As you can see wavefunction collapse is a non-falsifiable theory which tells you a lot about it's validity.

Think about the following. QM is about probabilites; trying to predict what will happen, when there is a portfolio of possible outcomes. It was not until the birth of QM that reality was ascribed to a probability function. It's very convenient in practice to equate wave- function- generated probabilities as mental states -- your brain can carry knowledge of each outcome. Once you know the outcome, your knowledge collapses, hence the wave function collapses. -- via neural phenomena --. This is simple, and recognizes that probability is just that, probability, whether quantum or classical. Sir Rudolph Peierls was a strong proponent of this approach.

This approach, by no means precludes interference effects, or other odd quantum phenomena.

Regards,
Reilly Atkinson
 
  • #183
Anonym said:
Read E. Schrödinger, “THE PRESENT SITUATION IN QUANTUM MECHANICS”. When you will understand the significant difference between microscopic and macroscopic, we will continue the discussion.

Regards, Dany.

Very well, will come back later, thanks for directing me to a book that may satisfy my curiosity.
 
  • #184
Ableman said:
Very well, will come back later, thanks for directing me to a book that may satisfy my curiosity.
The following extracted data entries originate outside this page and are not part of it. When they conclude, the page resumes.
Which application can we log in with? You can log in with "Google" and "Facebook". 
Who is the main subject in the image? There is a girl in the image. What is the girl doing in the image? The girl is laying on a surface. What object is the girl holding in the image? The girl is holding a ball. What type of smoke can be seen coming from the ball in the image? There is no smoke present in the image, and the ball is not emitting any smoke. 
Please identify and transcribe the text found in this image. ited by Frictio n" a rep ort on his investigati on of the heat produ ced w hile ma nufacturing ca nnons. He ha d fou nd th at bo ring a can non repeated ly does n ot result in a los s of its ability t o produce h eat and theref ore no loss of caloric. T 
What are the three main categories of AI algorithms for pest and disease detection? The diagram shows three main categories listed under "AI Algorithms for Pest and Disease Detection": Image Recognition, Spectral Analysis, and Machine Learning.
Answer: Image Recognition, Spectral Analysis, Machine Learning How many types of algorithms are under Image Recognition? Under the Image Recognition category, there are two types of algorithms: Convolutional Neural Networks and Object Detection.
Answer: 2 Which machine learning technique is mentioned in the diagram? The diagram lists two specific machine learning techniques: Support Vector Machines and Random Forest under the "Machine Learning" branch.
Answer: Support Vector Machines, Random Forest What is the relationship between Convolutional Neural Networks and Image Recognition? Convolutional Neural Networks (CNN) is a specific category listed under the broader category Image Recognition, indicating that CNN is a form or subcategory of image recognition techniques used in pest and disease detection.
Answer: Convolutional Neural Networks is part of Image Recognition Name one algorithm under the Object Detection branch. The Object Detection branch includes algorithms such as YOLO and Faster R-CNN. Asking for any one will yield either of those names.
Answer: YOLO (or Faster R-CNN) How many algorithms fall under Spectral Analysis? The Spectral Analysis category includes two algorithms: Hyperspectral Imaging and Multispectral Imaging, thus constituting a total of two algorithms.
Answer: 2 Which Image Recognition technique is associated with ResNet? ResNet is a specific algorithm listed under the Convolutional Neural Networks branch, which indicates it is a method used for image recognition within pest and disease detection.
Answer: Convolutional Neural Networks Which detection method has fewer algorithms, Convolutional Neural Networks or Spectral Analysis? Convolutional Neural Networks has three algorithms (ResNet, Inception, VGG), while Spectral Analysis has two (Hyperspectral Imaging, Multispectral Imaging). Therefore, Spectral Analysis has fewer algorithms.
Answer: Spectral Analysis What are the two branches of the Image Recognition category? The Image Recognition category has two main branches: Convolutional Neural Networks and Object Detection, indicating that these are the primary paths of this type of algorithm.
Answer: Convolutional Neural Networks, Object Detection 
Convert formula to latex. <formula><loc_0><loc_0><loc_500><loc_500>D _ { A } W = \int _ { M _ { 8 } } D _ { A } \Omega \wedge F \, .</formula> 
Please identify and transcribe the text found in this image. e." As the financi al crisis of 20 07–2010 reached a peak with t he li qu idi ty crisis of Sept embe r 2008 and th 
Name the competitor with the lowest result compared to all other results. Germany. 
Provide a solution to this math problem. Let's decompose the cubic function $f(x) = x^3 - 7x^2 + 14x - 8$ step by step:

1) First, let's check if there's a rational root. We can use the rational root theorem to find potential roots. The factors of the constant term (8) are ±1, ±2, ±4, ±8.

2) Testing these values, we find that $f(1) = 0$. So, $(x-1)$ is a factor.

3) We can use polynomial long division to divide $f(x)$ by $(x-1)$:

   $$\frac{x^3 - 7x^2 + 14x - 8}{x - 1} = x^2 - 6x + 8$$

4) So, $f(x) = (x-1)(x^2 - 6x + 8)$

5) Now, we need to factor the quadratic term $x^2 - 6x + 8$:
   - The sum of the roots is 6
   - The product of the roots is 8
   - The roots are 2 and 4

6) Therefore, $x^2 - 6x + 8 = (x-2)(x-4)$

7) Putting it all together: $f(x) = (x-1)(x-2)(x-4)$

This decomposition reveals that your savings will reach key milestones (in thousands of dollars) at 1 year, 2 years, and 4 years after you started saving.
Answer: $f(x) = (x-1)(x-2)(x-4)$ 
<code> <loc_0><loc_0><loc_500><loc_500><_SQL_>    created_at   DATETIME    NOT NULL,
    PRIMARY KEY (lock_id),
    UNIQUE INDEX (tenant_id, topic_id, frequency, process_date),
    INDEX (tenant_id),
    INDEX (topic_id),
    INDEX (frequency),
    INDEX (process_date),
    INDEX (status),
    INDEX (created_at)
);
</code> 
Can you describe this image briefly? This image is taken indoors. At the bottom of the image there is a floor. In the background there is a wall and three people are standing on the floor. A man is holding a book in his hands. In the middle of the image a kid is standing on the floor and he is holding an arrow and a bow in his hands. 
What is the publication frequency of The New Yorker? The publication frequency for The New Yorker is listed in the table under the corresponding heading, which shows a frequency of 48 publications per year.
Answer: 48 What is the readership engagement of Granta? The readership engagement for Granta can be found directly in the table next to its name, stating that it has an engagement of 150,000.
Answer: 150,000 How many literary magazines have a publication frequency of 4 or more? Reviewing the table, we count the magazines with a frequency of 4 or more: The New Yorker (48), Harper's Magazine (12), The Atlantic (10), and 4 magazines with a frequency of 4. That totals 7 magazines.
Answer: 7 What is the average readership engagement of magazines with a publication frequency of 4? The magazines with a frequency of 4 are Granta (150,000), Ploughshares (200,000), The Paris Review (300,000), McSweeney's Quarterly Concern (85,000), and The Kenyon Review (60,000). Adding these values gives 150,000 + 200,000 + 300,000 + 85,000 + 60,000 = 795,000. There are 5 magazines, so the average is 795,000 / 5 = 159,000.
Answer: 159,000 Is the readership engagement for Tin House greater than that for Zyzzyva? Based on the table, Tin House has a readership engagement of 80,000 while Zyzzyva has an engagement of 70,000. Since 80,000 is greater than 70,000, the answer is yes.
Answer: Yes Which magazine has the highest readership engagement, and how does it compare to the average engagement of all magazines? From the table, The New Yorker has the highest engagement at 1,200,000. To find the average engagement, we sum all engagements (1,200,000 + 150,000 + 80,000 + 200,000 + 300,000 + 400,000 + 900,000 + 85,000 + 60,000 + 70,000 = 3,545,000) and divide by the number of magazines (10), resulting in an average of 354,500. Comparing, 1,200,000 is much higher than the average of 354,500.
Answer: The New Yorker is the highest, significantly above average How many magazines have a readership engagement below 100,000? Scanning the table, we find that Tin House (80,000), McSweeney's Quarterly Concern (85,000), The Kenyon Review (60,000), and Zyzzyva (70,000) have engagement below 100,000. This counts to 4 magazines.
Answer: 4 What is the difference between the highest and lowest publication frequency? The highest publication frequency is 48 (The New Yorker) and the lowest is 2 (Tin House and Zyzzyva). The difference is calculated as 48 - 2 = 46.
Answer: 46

It is not a book. It is a paper, for example, in J.A. Wheeler and W.H.Zurek,”Quantum Theory and Measurement”, p.152 (1983). After it take G. Greenstein and A.G. Zajonc “The Quantum Challenge” Jones and Bartlett Pub., Sudbury MA. (1997).

Regards, Dany.
 
  • #185
Ableman said:
I think a thought experiment is adequate to answer this
I'll tell a story:)

A man was very depressed to the point he started believing he was dead. His family tried for weeks to convince him he was alive, but he kept saying "I'm dead". So they took him to an expert who explained to him and succeeded in convincing him that "dead men don't bleed". He believed it and kept repeating it to himself "Yes, dead men don't bleed. Yes, dead men don't bleed. .." At that moment the expert pierced him with a needle and he started to bleed. The hope was that the man will draw the obvious conclusion that he was alive. Instead, he shouted "Oh oh, I guess dead men do bleed!"​
There has never been any real evidence of any physical entity such as a wavefunction. None. A thought experiment can never be evidence for the existence of a physical entity such as a wavefunction.

There though the explanation is that when you put a detector on, it adds a random phase to the electron, which makes the interference pattern disappear, but to me that seems superfluous, because it would lead to very strange, though certainly not impossible results, if the pattern did not disappear).
The experiment I quoted to you disproves the idea that knowing where the electron passes collapses the wavefunction. The authors set out to measure the duration of the wavefunction collapse. The found no evidence of a wavefunction. They state as much in their results.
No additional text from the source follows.